■ **Exercise directions**
From the line that holds "Could I get" down to the last line of the listing below, reproduce each line exactly and nothing more, omitting pictures.
════════════════
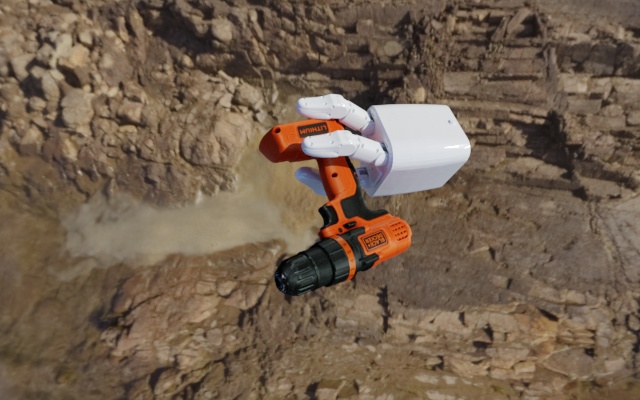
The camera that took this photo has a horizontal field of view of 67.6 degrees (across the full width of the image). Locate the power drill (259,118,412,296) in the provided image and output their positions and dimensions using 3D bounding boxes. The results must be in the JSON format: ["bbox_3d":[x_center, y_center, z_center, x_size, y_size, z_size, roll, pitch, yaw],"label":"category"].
[{"bbox_3d":[0.000,0.001,0.546,0.184,0.187,0.057,-16,-14,-37],"label":"power drill"}]
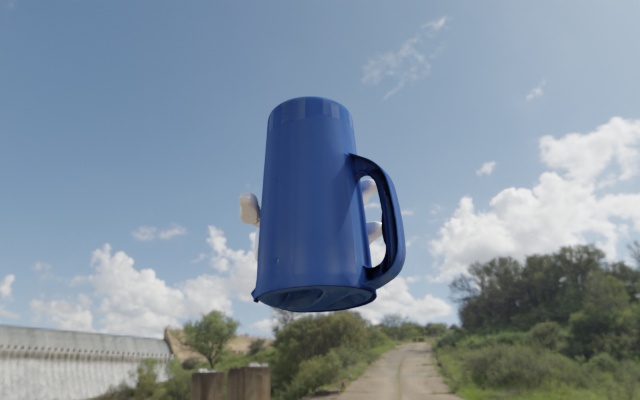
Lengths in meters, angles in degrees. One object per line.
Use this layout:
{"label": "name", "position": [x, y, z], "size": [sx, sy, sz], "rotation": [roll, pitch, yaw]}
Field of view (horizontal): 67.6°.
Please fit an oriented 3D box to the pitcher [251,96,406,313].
{"label": "pitcher", "position": [0.000, 0.002, 0.556], "size": [0.149, 0.242, 0.145], "rotation": [3, -24, -12]}
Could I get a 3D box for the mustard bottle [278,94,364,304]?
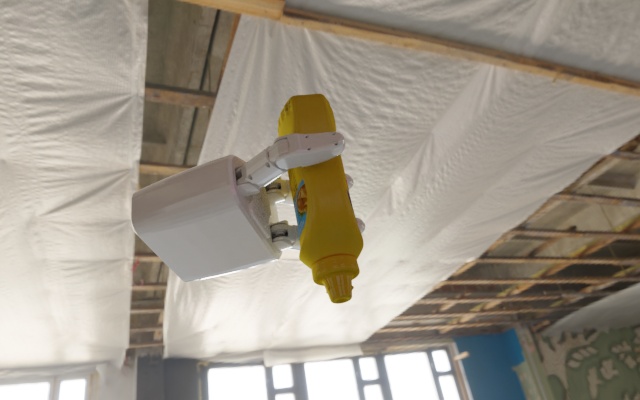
[{"bbox_3d":[0.000,0.001,0.442,0.058,0.191,0.096,-6,-30,-10],"label":"mustard bottle"}]
════════════════
■ **Exercise answer**
Could I get a 3D box for the mustard bottle [278,94,364,304]?
[{"bbox_3d":[0.000,0.001,0.442,0.058,0.191,0.096,-6,-30,-10],"label":"mustard bottle"}]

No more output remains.